Reiz
Reiz (stimulus), Signal oder Information aus der Umwelt (äußerer Reiz) oder aus dem Körper (innerer Reiz), die vom Organismus durch die Sinnesorgane wahrgenommen werden und eine Reaktion im Verhalten oder Erleben auslösen. Unterschieden werden adäquate Reize (Übereinstimmung von Reiz und Sinnesorgan, z.B. Berührung und Rezeptoren der Haut), inadäquate Reize (nicht auf Sinnesorgan ausgerichtet, deshalb Irritationen oder Schmerz) und aversive Reize (wird als unangenehm empfunden und löst Vermeidungsverhalten aus).

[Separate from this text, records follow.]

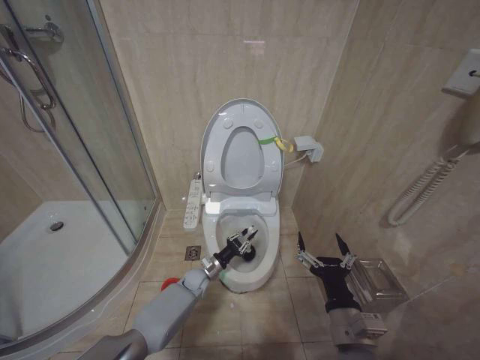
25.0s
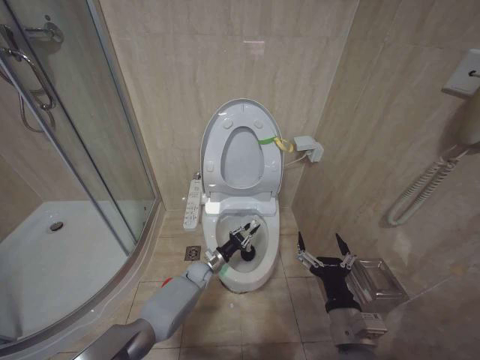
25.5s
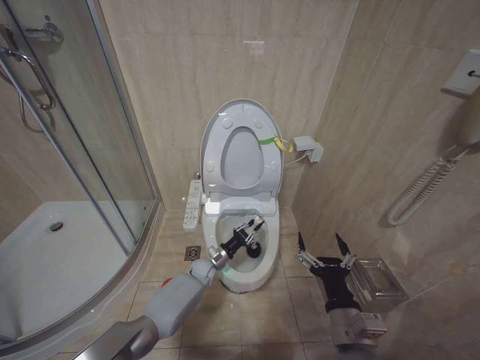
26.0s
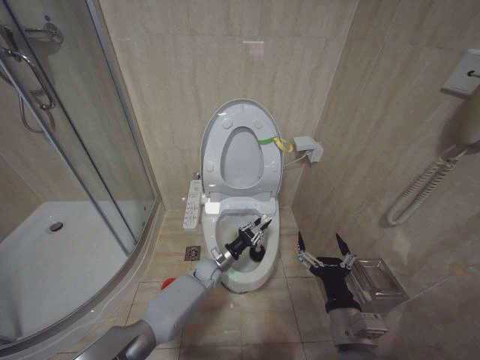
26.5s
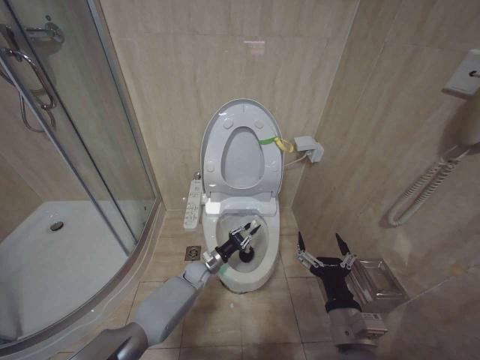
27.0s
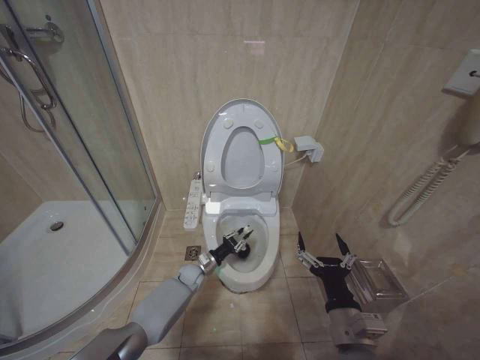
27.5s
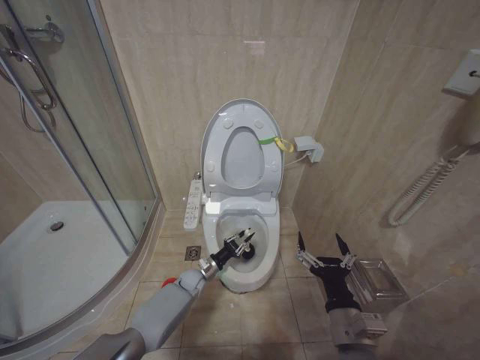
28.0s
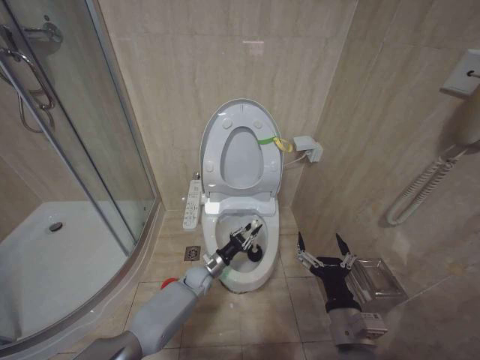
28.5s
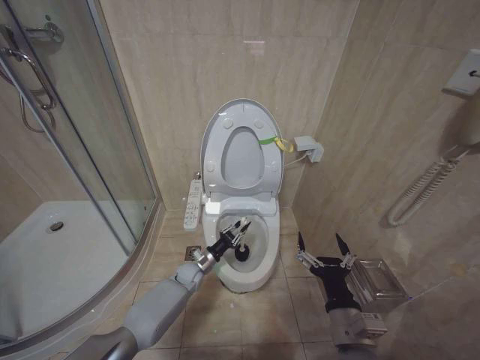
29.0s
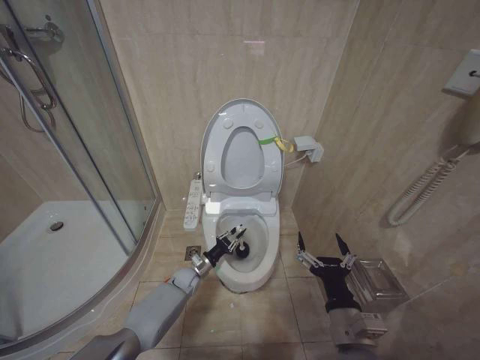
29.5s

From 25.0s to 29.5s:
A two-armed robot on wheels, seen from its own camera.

In der Sportwissenschaft werden oft „Reiz“ und „Belastung“ synonym verwendet (Reizdauer zu Belastungsdauer, Reizdichte zu Belastungsdichte). Gehen wir aber von der neurobiologischen Definition aus, dann ist unter Reiz die Einwirkung auf eine Sinneszelle zu verstehen. Nun ist aber selbst eine einfache Bewegung (Einzelzyklus) eine Summation verschiedener Reize (Belastung), die der Muskel benötigt, um Arbeit zu verrichten. →Belastungskomponenten, →Reizstufenregel, →Reizsummation, →Belastungskategorien
Training ist „ständiges Reizen“ des Organismus, wobei die Reizschwelle eine maßgebliche Rolle spielt, die durch Umfang, Dauer, Stärke (→Intensität) und Dichte des Reizes bestimmt wird. Signalproteine verarbeiten die Belastungsreize über verschiedene Stufen gesteigerter Proteinsynthese und regen so zu strukturellen Veränderungen (→Adaptation) an. So ist in der Skelettmuskulatur die durch hochintensives Training (HIT) ausgelöste Stoffwechselstörung der Hauptstimulus für deren Anpassung. Im Herz-Kreislauf-System führt hochintensives Training zu hämodynamischem Stress und einer Ablenkung des Ca 2+-Handlings (Reizübertragung in Nervenzellen) als Hauptstimuli für die funktionelle und strukturelle Anpassung von Herz und Gefäßen (Wahl et al. 2022). Jahrzehnte ging man davon aus, dass neuronale Anpassungsprozesse (Neuroplastizität des Gehirns) typisch für die frühkindliche Entwicklungsphase seien, während das Gehirn im Erwachsenenalter „fest verdrahtet“ ist. Neurowissenschaftliche Studien bestätigen inzwischen die Adaptivität des Gehirns, das folglich bis ins hohe Erwachsenenalter durch Lernen und Training formbar und schnell adaptierend ist (Ragert 2017). Es ist auch davon auszugehen, dass das Immunsystem in direkter Abhängigkeit von der Reizstärke, Reizdauer und von der Reizintensität einer sportlichen Belastung reagiert (Buhl & Weber, 2004).
„Allein die Dosis macht das Gift“ (abgewandelt nach Paracelsus, schweiz-österr. Arzt 1493-1541)
Beispiel: Bei jugendlichen Schwimmern wurde das Auftreten von Stress während der Anpassung an Trainings– und Wettkampfreize untersucht. Die individuellen Stoffwechselergebnisse der Athleten lagen 50% und die hormonellen Ergebnisse 17% über den Maximalwerten, hauptsächlich nach der Anstrengung (Mihailescu et al. 2021).